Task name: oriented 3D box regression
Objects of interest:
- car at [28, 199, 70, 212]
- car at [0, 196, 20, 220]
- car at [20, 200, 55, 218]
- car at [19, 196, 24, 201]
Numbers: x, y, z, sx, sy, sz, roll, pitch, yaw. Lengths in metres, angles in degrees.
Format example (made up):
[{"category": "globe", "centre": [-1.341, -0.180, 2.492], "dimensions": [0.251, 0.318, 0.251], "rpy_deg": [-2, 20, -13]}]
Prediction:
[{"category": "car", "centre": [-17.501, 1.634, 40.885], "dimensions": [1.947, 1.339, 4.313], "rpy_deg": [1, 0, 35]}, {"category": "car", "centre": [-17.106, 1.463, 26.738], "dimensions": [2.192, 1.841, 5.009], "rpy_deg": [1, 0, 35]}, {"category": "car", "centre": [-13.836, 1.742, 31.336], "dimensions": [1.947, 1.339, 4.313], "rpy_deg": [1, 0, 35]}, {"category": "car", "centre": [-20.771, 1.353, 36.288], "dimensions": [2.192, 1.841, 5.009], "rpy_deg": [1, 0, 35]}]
○ ○ ○ ○ ○ ○ ○
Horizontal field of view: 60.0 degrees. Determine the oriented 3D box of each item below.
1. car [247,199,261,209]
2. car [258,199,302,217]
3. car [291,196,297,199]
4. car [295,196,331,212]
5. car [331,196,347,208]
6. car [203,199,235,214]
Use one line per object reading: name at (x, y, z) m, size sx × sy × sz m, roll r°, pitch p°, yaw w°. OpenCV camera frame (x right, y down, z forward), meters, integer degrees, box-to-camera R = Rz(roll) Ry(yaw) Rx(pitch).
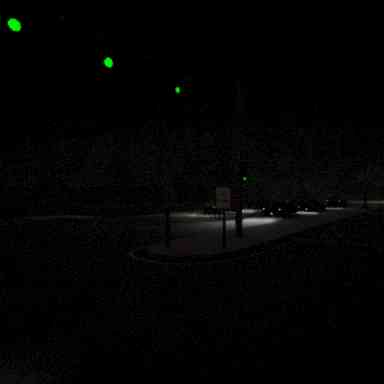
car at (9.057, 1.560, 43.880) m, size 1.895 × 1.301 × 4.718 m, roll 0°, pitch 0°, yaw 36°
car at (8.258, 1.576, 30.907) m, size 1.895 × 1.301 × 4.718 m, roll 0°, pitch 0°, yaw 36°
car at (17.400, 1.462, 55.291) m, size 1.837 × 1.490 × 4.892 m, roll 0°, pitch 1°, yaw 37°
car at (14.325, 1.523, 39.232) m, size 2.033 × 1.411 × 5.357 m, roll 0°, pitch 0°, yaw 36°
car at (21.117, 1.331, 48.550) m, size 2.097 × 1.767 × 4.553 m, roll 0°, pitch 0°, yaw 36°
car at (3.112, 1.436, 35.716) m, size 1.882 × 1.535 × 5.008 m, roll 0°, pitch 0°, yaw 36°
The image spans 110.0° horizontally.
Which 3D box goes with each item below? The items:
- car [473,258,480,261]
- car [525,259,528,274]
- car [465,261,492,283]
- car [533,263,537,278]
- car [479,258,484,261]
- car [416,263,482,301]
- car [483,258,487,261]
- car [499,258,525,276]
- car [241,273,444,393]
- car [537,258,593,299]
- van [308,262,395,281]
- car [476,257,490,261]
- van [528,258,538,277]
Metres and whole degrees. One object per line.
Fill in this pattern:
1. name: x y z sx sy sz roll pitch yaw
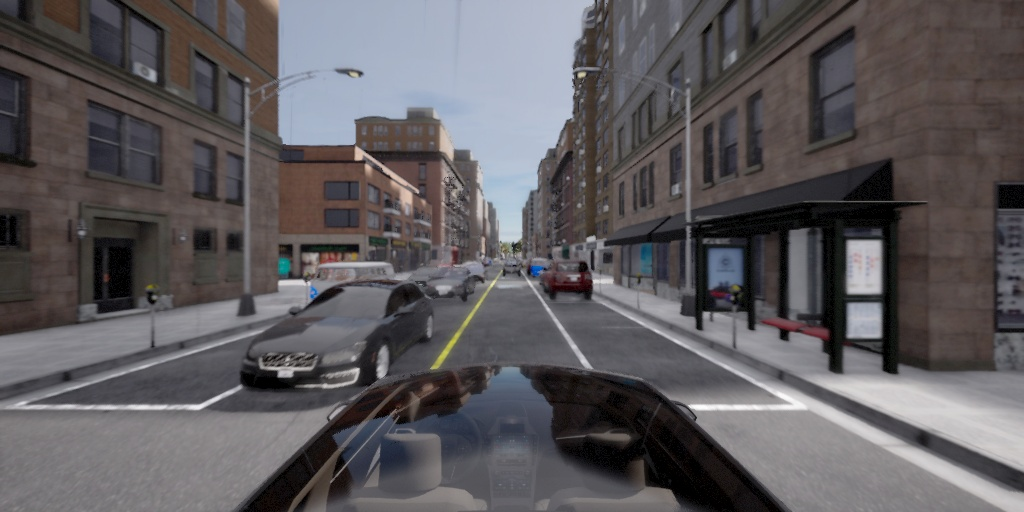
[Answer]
○ ○ ○ ○ ○ ○ ○
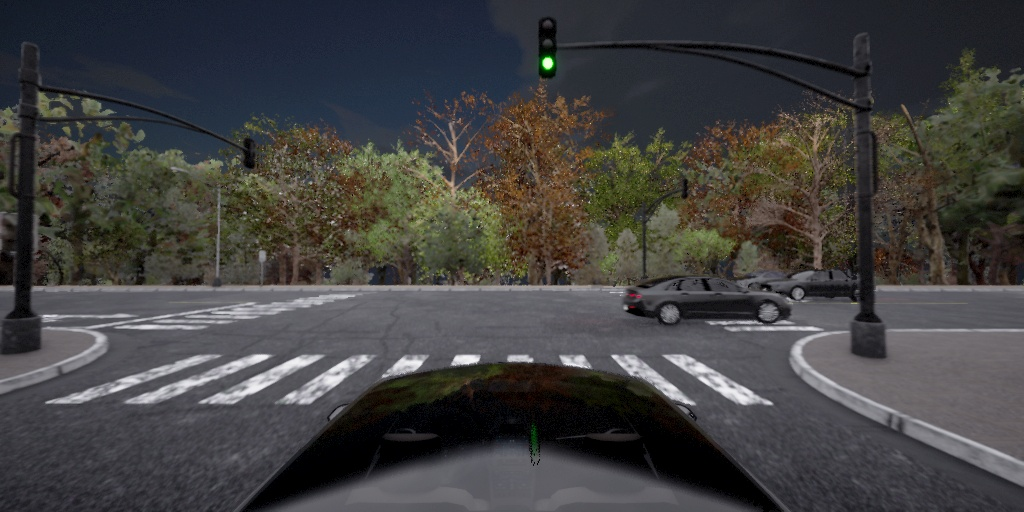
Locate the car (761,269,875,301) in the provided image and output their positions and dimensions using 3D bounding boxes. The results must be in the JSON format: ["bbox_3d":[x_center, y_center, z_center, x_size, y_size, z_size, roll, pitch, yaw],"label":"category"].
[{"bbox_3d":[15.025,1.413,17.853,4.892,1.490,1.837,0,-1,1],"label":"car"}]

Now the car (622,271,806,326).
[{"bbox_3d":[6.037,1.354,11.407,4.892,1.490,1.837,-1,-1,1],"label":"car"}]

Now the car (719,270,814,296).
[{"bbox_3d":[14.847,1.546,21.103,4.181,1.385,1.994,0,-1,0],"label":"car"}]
○ ○ ○ ○ ○ ○ ○
Look through the records above for the word "below" and state how many lines contain it, giving the number alone.

2